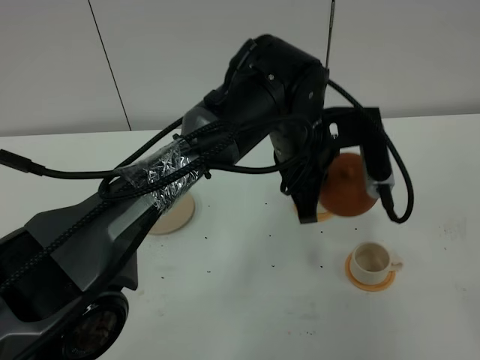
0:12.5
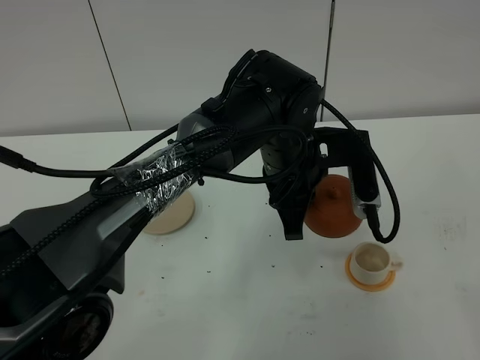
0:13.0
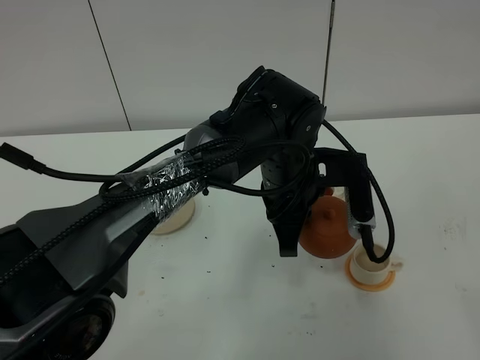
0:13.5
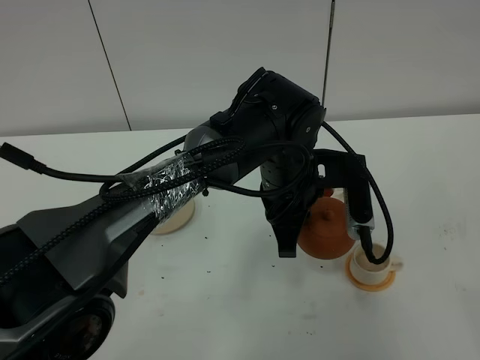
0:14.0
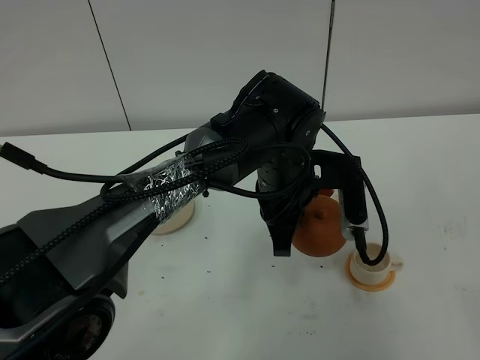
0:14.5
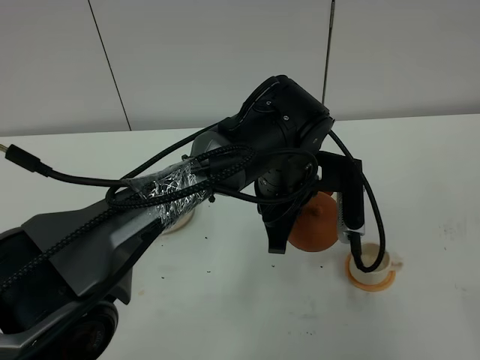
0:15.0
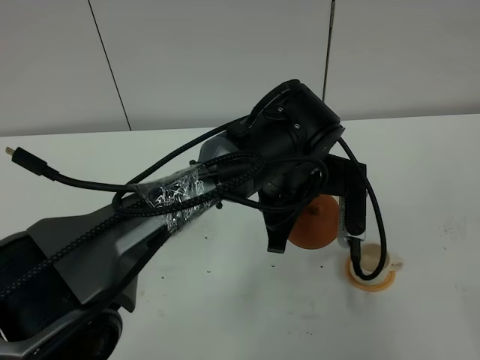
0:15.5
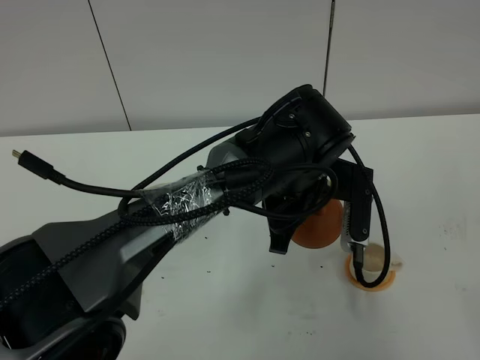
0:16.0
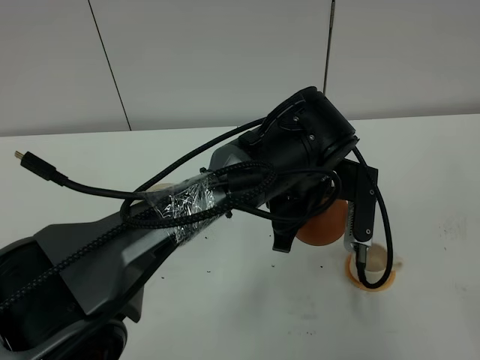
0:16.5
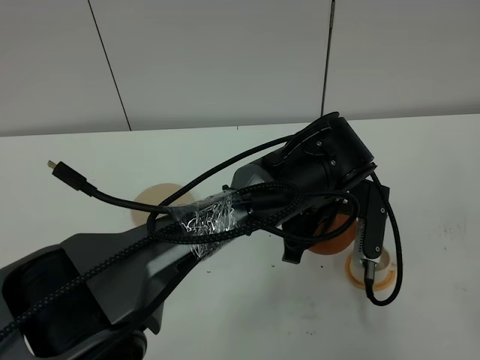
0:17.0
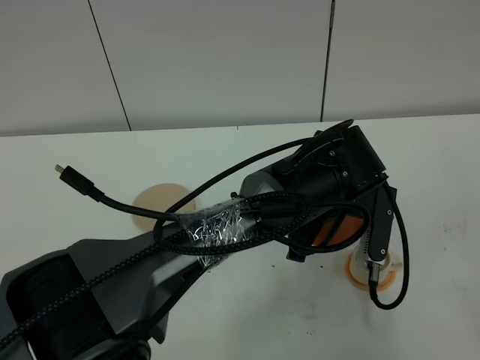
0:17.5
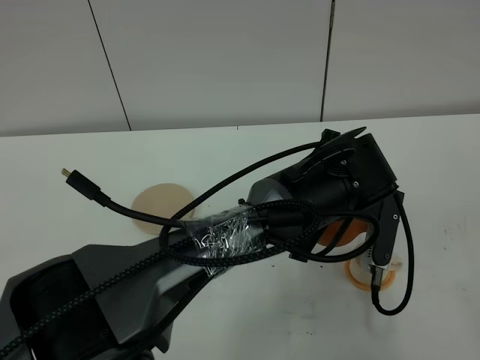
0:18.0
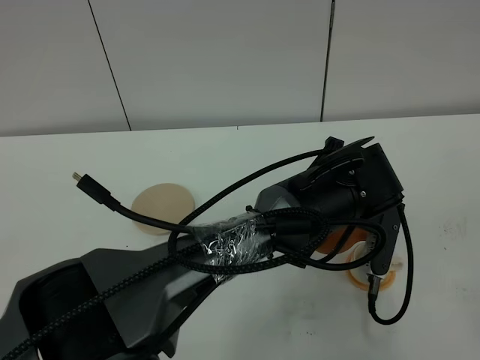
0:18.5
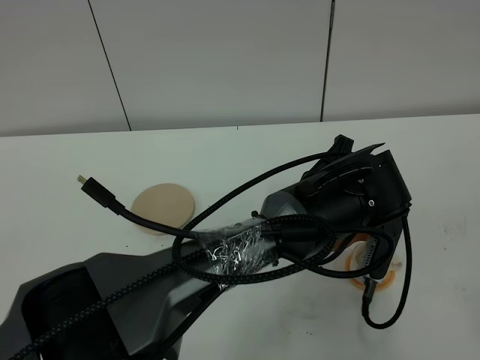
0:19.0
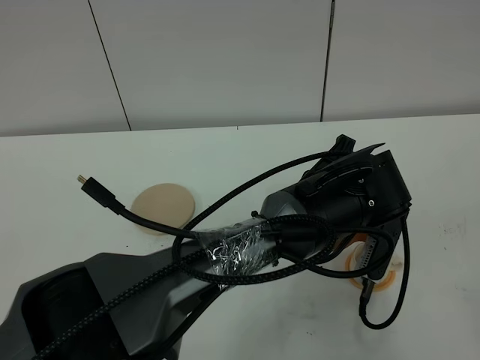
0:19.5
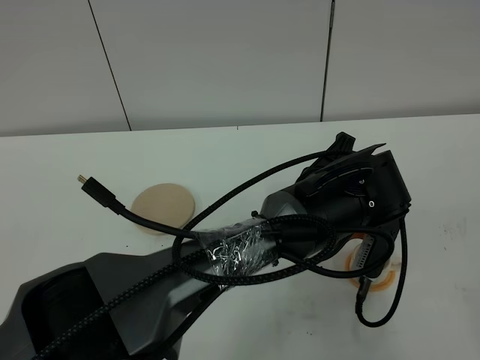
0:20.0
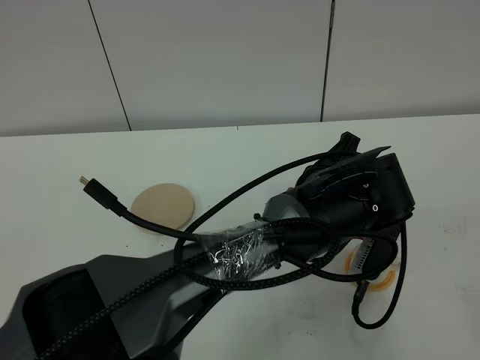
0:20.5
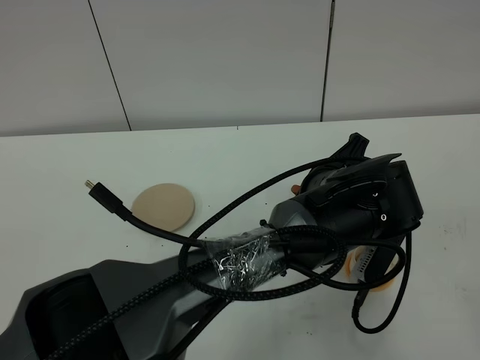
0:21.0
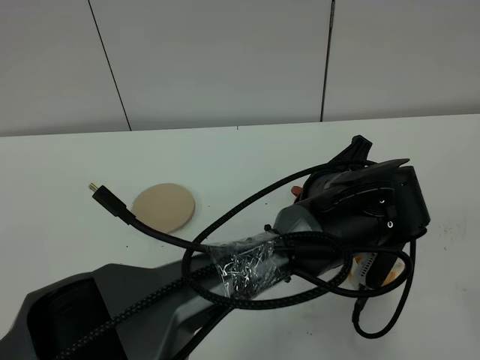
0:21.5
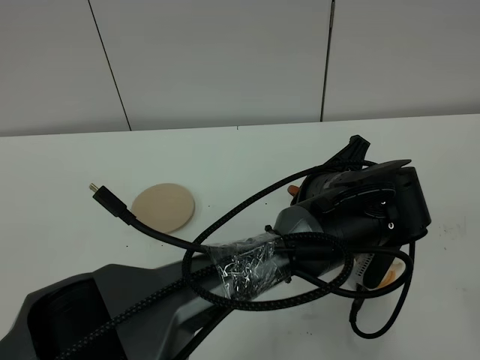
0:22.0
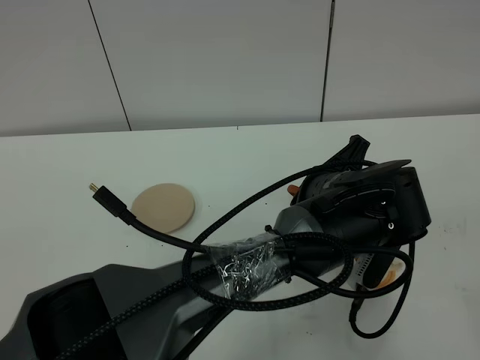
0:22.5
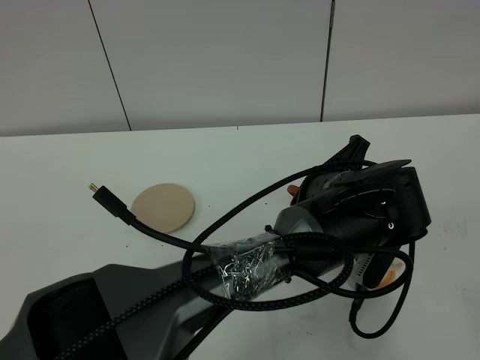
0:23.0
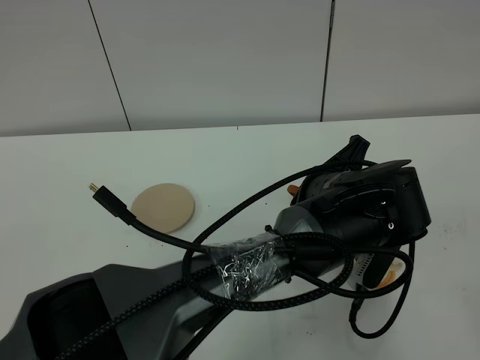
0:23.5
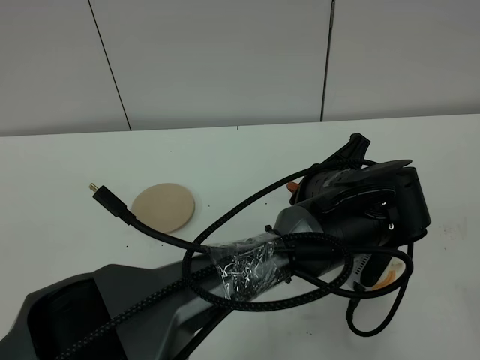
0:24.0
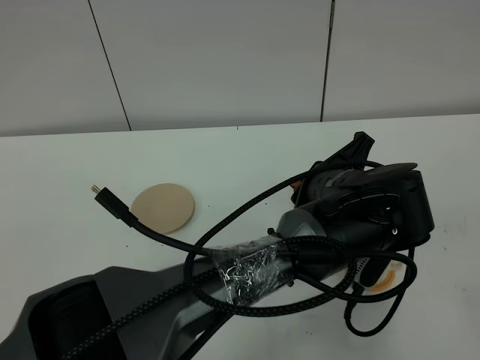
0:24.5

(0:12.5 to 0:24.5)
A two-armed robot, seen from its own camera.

## Exercise goal:
In your copy, exclude the pictures and repeat each entry above exactly.

## Response:
0:12.5
0:13.0
0:13.5
0:14.0
0:14.5
0:15.0
0:15.5
0:16.0
0:16.5
0:17.0
0:17.5
0:18.0
0:18.5
0:19.0
0:19.5
0:20.0
0:20.5
0:21.0
0:21.5
0:22.0
0:22.5
0:23.0
0:23.5
0:24.0
0:24.5

(0:12.5 to 0:24.5)
A two-armed robot, seen from its own camera.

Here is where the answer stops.